Items from a dataset:
---*---
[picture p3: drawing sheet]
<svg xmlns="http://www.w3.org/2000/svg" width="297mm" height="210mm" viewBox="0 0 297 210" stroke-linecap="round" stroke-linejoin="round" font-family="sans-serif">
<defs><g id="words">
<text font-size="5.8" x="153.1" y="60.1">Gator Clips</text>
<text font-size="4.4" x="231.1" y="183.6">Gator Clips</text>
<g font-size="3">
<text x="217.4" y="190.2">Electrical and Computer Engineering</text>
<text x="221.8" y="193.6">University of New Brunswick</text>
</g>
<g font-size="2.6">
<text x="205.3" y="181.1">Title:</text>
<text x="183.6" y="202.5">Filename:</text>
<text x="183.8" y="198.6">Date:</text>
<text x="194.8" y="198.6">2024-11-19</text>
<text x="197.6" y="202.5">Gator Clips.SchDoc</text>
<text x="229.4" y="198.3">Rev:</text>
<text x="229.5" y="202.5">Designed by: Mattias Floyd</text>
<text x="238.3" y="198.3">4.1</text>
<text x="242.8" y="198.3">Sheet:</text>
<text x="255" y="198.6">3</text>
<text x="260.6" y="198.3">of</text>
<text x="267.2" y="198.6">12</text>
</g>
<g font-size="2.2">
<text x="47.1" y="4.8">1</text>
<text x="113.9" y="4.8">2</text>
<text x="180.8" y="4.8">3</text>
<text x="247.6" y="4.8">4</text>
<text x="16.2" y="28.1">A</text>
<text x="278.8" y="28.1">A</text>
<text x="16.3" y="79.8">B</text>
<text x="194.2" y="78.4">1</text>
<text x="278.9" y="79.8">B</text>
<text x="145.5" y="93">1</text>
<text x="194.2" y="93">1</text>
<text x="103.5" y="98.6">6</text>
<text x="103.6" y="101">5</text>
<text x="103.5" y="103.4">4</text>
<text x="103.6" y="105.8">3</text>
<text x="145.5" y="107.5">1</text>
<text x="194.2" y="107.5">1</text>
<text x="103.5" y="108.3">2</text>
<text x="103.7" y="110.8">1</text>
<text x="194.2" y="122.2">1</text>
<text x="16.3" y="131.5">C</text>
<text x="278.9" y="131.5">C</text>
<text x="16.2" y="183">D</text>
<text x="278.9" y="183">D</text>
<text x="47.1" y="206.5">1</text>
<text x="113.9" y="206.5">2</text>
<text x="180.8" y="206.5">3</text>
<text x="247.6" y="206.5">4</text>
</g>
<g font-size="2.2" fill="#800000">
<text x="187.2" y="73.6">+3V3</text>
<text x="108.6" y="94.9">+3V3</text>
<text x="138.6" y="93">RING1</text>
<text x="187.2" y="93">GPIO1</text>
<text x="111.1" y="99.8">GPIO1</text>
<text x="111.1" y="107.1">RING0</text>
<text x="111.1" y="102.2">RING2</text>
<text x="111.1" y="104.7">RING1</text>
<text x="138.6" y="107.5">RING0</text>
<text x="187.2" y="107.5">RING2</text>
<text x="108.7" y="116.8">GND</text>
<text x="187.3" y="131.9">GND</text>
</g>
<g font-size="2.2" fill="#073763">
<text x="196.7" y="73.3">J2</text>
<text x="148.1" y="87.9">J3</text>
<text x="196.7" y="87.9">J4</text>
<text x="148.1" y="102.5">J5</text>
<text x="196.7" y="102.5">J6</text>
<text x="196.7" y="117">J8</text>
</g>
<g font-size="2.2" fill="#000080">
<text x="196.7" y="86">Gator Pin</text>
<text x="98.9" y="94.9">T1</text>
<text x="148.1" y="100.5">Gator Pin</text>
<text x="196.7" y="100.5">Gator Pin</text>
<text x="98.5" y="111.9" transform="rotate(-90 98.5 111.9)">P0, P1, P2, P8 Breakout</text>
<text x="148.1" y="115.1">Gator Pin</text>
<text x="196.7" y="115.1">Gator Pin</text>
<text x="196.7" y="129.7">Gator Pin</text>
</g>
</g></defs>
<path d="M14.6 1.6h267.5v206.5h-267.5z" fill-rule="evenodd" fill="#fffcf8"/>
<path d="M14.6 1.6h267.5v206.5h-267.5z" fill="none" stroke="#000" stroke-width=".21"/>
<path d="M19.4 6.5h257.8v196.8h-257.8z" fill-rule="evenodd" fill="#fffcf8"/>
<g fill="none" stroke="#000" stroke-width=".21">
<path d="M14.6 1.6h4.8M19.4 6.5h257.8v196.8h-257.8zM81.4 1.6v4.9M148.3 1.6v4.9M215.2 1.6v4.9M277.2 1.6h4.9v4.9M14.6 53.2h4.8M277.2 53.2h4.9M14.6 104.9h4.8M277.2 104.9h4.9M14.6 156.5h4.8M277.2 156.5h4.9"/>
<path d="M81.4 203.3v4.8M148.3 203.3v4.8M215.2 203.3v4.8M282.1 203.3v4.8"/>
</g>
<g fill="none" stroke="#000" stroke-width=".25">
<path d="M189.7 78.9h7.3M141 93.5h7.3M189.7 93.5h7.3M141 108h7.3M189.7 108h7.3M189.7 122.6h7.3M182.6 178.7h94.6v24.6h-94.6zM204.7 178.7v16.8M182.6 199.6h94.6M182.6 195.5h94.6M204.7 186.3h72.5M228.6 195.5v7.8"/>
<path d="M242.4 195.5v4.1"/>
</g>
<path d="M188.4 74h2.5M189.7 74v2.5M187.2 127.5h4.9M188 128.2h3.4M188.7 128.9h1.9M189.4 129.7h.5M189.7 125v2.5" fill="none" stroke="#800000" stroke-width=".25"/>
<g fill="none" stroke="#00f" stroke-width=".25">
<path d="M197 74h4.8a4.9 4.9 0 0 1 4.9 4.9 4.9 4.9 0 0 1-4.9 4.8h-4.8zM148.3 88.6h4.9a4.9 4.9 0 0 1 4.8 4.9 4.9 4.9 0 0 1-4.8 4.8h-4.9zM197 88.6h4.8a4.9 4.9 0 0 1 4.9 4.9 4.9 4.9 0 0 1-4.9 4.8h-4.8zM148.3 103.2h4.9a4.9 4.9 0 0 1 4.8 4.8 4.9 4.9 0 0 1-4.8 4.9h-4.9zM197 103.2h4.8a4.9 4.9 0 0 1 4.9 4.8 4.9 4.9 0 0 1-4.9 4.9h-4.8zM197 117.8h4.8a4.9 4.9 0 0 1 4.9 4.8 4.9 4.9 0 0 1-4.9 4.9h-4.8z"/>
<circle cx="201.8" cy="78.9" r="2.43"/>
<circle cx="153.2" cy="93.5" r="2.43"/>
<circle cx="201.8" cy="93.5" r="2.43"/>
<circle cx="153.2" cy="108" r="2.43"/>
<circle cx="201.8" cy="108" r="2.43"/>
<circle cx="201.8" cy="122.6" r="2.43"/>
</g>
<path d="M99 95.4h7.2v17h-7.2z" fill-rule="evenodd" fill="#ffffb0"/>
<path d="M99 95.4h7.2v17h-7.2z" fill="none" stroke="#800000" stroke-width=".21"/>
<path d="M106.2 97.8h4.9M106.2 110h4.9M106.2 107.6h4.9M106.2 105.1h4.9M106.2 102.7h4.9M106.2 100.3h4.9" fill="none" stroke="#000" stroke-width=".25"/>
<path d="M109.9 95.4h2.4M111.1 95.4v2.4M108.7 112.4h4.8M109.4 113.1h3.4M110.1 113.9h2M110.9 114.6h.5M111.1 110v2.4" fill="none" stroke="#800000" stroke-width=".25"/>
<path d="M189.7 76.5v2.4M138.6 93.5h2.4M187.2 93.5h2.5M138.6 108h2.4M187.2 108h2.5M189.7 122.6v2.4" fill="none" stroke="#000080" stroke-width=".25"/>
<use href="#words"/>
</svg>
---*---
Exercise instructions: Where in the records does the word "rule" appear? Copy each line that holds it.

Task output:
<path d="M14.6 1.6h267.5v206.5h-267.5z" fill-rule="evenodd" fill="#fffcf8"/>
<path d="M19.4 6.5h257.8v196.8h-257.8z" fill-rule="evenodd" fill="#fffcf8"/>
<path d="M99 95.4h7.2v17h-7.2z" fill-rule="evenodd" fill="#ffffb0"/>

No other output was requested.